Private View will invite Briz Fest audiences to become voyeurs, to observe people in their domestic spaces and discover their romantic dreams and hidden desires

Sep 12, 2024, updated Sep 12, 2024
Haunting melodies from Carla Lippis are deeply intertwined within the Brisbane Festival show Private View. Photo: Matt Byrne

Haunting melodies from Carla Lippis are deeply intertwined within the Brisbane Festival show Private View. Photo: Matt Byrne

As a collective of artists with and without disability, Restless Dance Theatre spotlights what unites us all as people. Playing during Brisbane Festival, Private View is the company’s most intimate work yet.

Conceived by long-time creative producer Roz Hervey to challenge taboos around sexuality and disability, Private View steps behind closed doors to explore sex and love in a series of vignettes capturing desire, dreams and despair.

Artistic director Michelle Ryan says the show will “make you laugh, it’ll make you cry and it’ll make you want to dance”.

Ryan has helmed the Adelaide-based troupe since 2013. The subject of Meryl Tankard’s documentary Michelles Story draws on her experience as a world-class artist and subsequently as a disabled woman living with multiple sclerosis.

Tapping into universal human themes and experiences is part of the reason for the company’s success, as demonstrated in the award-winning Intimate Space, a tour through hidden parts of a working hotel, and the 2022 Brisbane Festival show Guttered, set in a bowling alley.

“You invite an audience in, you charm them, you make them laugh,” Ryan says. “Then you add something that hopefully makes them question their perception of disability and judgment by realising that we’re all humans together. So, let’s just celebrate that, rather than putting labels on everyone.”

Accordingly, the company states simply that members may have physical, intellectual or psychological disabilities.

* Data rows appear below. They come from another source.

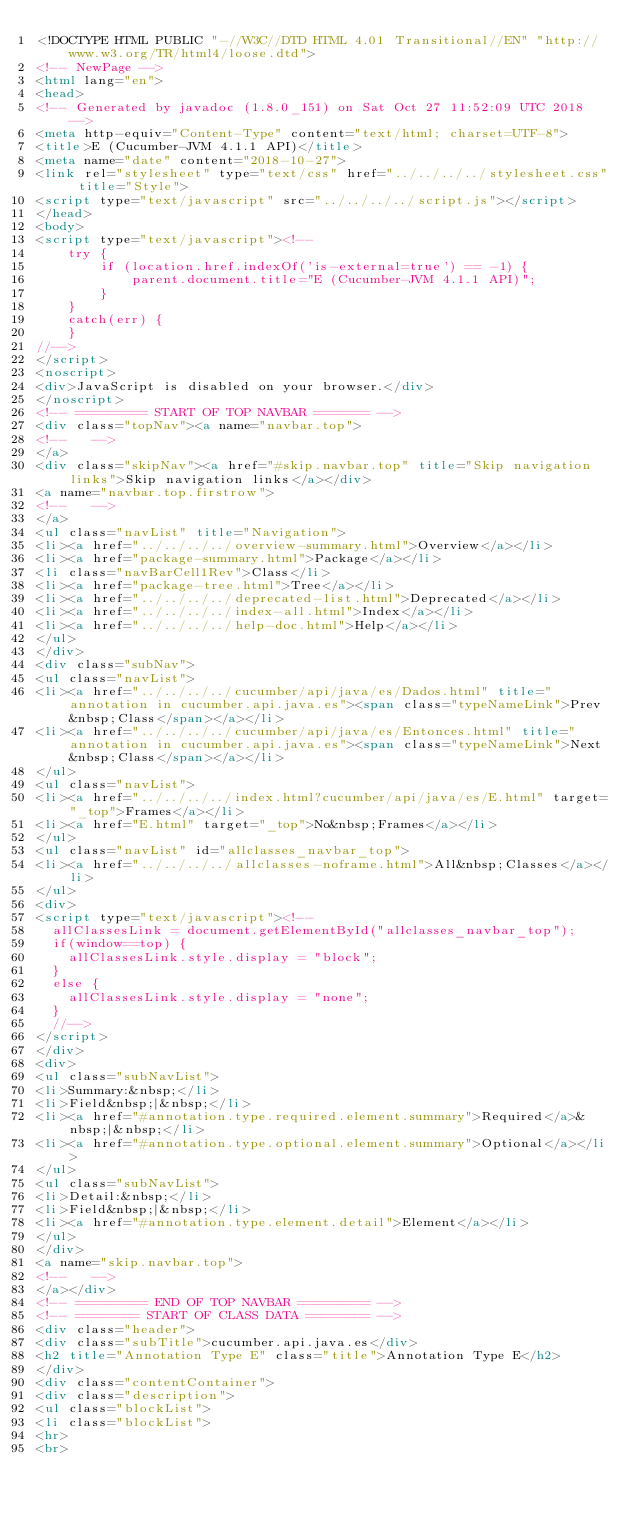Convert code to text. <code><loc_0><loc_0><loc_500><loc_500><_HTML_><!DOCTYPE HTML PUBLIC "-//W3C//DTD HTML 4.01 Transitional//EN" "http://www.w3.org/TR/html4/loose.dtd">
<!-- NewPage -->
<html lang="en">
<head>
<!-- Generated by javadoc (1.8.0_151) on Sat Oct 27 11:52:09 UTC 2018 -->
<meta http-equiv="Content-Type" content="text/html; charset=UTF-8">
<title>E (Cucumber-JVM 4.1.1 API)</title>
<meta name="date" content="2018-10-27">
<link rel="stylesheet" type="text/css" href="../../../../stylesheet.css" title="Style">
<script type="text/javascript" src="../../../../script.js"></script>
</head>
<body>
<script type="text/javascript"><!--
    try {
        if (location.href.indexOf('is-external=true') == -1) {
            parent.document.title="E (Cucumber-JVM 4.1.1 API)";
        }
    }
    catch(err) {
    }
//-->
</script>
<noscript>
<div>JavaScript is disabled on your browser.</div>
</noscript>
<!-- ========= START OF TOP NAVBAR ======= -->
<div class="topNav"><a name="navbar.top">
<!--   -->
</a>
<div class="skipNav"><a href="#skip.navbar.top" title="Skip navigation links">Skip navigation links</a></div>
<a name="navbar.top.firstrow">
<!--   -->
</a>
<ul class="navList" title="Navigation">
<li><a href="../../../../overview-summary.html">Overview</a></li>
<li><a href="package-summary.html">Package</a></li>
<li class="navBarCell1Rev">Class</li>
<li><a href="package-tree.html">Tree</a></li>
<li><a href="../../../../deprecated-list.html">Deprecated</a></li>
<li><a href="../../../../index-all.html">Index</a></li>
<li><a href="../../../../help-doc.html">Help</a></li>
</ul>
</div>
<div class="subNav">
<ul class="navList">
<li><a href="../../../../cucumber/api/java/es/Dados.html" title="annotation in cucumber.api.java.es"><span class="typeNameLink">Prev&nbsp;Class</span></a></li>
<li><a href="../../../../cucumber/api/java/es/Entonces.html" title="annotation in cucumber.api.java.es"><span class="typeNameLink">Next&nbsp;Class</span></a></li>
</ul>
<ul class="navList">
<li><a href="../../../../index.html?cucumber/api/java/es/E.html" target="_top">Frames</a></li>
<li><a href="E.html" target="_top">No&nbsp;Frames</a></li>
</ul>
<ul class="navList" id="allclasses_navbar_top">
<li><a href="../../../../allclasses-noframe.html">All&nbsp;Classes</a></li>
</ul>
<div>
<script type="text/javascript"><!--
  allClassesLink = document.getElementById("allclasses_navbar_top");
  if(window==top) {
    allClassesLink.style.display = "block";
  }
  else {
    allClassesLink.style.display = "none";
  }
  //-->
</script>
</div>
<div>
<ul class="subNavList">
<li>Summary:&nbsp;</li>
<li>Field&nbsp;|&nbsp;</li>
<li><a href="#annotation.type.required.element.summary">Required</a>&nbsp;|&nbsp;</li>
<li><a href="#annotation.type.optional.element.summary">Optional</a></li>
</ul>
<ul class="subNavList">
<li>Detail:&nbsp;</li>
<li>Field&nbsp;|&nbsp;</li>
<li><a href="#annotation.type.element.detail">Element</a></li>
</ul>
</div>
<a name="skip.navbar.top">
<!--   -->
</a></div>
<!-- ========= END OF TOP NAVBAR ========= -->
<!-- ======== START OF CLASS DATA ======== -->
<div class="header">
<div class="subTitle">cucumber.api.java.es</div>
<h2 title="Annotation Type E" class="title">Annotation Type E</h2>
</div>
<div class="contentContainer">
<div class="description">
<ul class="blockList">
<li class="blockList">
<hr>
<br></code> 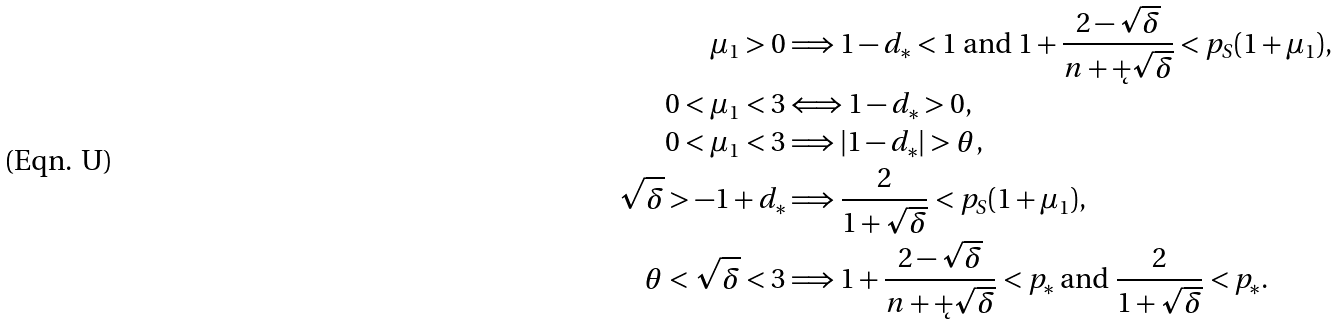<formula> <loc_0><loc_0><loc_500><loc_500>\mu _ { 1 } > 0 & \Longrightarrow \text {$1-d_{*} < 1$ and $1+\frac{2-\sqrt{\delta}}{n+\k+\sqrt{\delta}} < p_{S}(1+\mu_{1})$,} \\ 0 < \mu _ { 1 } < 3 & \Longleftrightarrow 1 - d _ { * } > 0 , \\ 0 < \mu _ { 1 } < 3 & \Longrightarrow | 1 - d _ { * } | > \theta , \\ \sqrt { \delta } > - 1 + d _ { * } & \Longrightarrow \frac { 2 } { 1 + \sqrt { \delta } } < p _ { S } ( 1 + \mu _ { 1 } ) , \\ \theta < \sqrt { \delta } < 3 & \Longrightarrow \text {$1+\frac{2-\sqrt{\delta}}{n+\k+\sqrt{\delta}}<p_{*}$ and $\frac{2}{1+\sqrt{\delta}} < p_{*}$} .</formula> 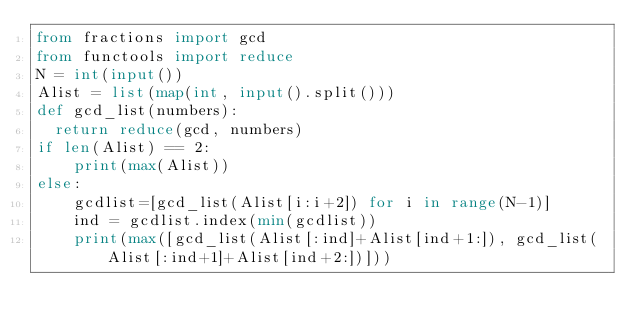Convert code to text. <code><loc_0><loc_0><loc_500><loc_500><_Python_>from fractions import gcd
from functools import reduce
N = int(input())
Alist = list(map(int, input().split()))
def gcd_list(numbers):
  return reduce(gcd, numbers)
if len(Alist) == 2:
    print(max(Alist))
else:
    gcdlist=[gcd_list(Alist[i:i+2]) for i in range(N-1)]
    ind = gcdlist.index(min(gcdlist))
    print(max([gcd_list(Alist[:ind]+Alist[ind+1:]), gcd_list(Alist[:ind+1]+Alist[ind+2:])]))</code> 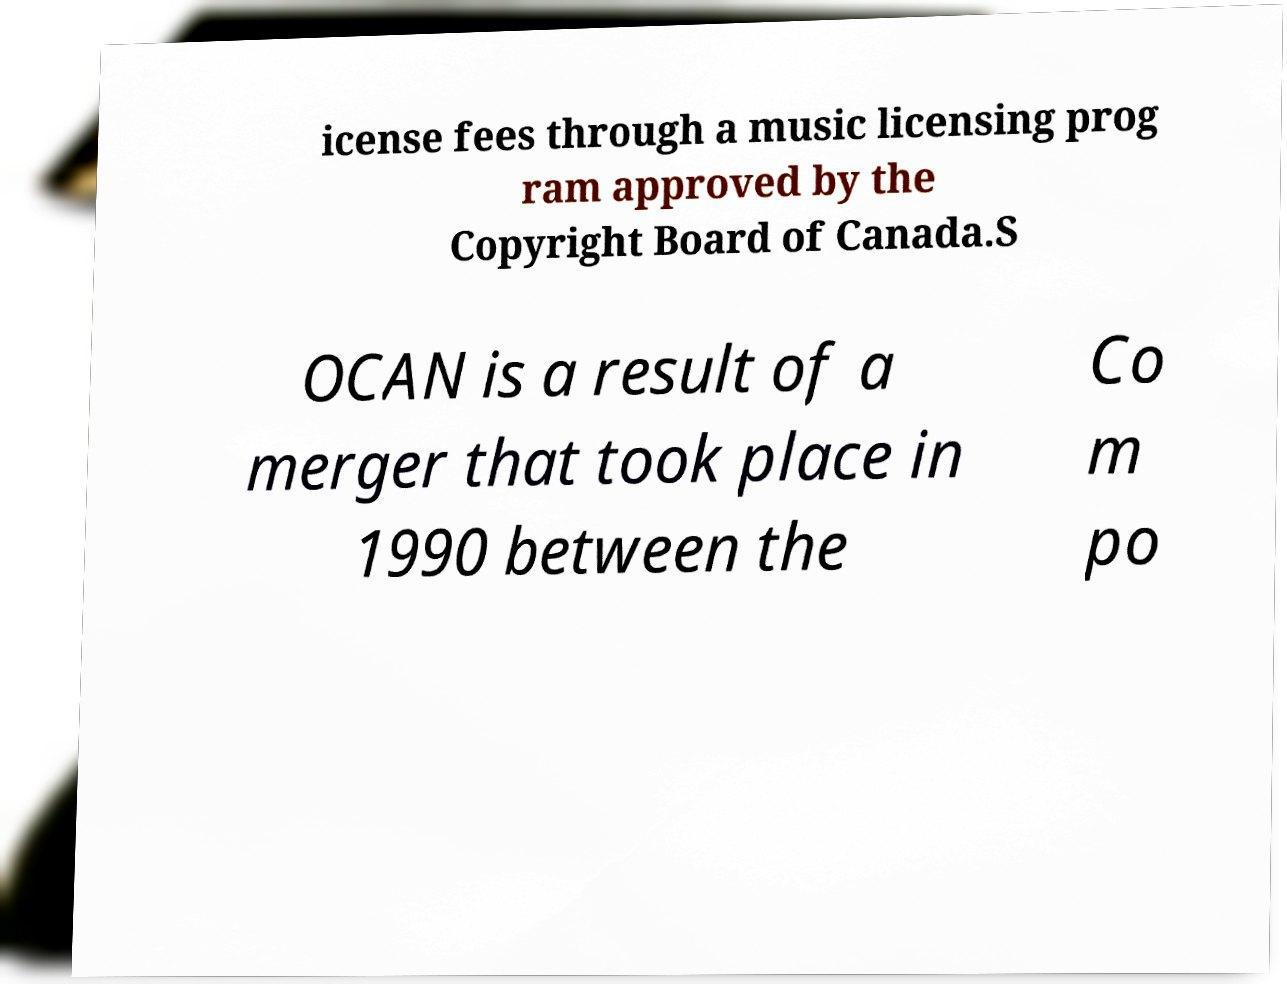Can you read and provide the text displayed in the image?This photo seems to have some interesting text. Can you extract and type it out for me? icense fees through a music licensing prog ram approved by the Copyright Board of Canada.S OCAN is a result of a merger that took place in 1990 between the Co m po

And after 15 years as part of the Restless family in a range of capacities, self-declared “proud disabled woman” Bonnie Williams has now broken down a barrier faced by all dancers, resuming performing aged 37 when she “thought I was past my due-date”.

So her solo, staged in a bathroom, is imbued with the added emotional layer of being told through the eyes of an older woman.

“Although sexuality is threaded through it’s also about intimacy and relationships, love and wanting love, and loss as well,” Williams says. “My scene is about the breakdown of a relationship or losing someone really, really important but then rebuilding herself.”

While the artists draw on personal experiences, their Private View characters and stories are fictionalised.

After working extensively with Restless over the past five years as artistic associate and rehearsal director, choreographing Private View was a natural extension for Brisbane-bred award-winning artist Larissa McGowan.

“Because I know all of the dancers so well and have spent so much time training everyone, I really know how they want to express themselves, both physically and in the stories they want to tell,” McGowan says.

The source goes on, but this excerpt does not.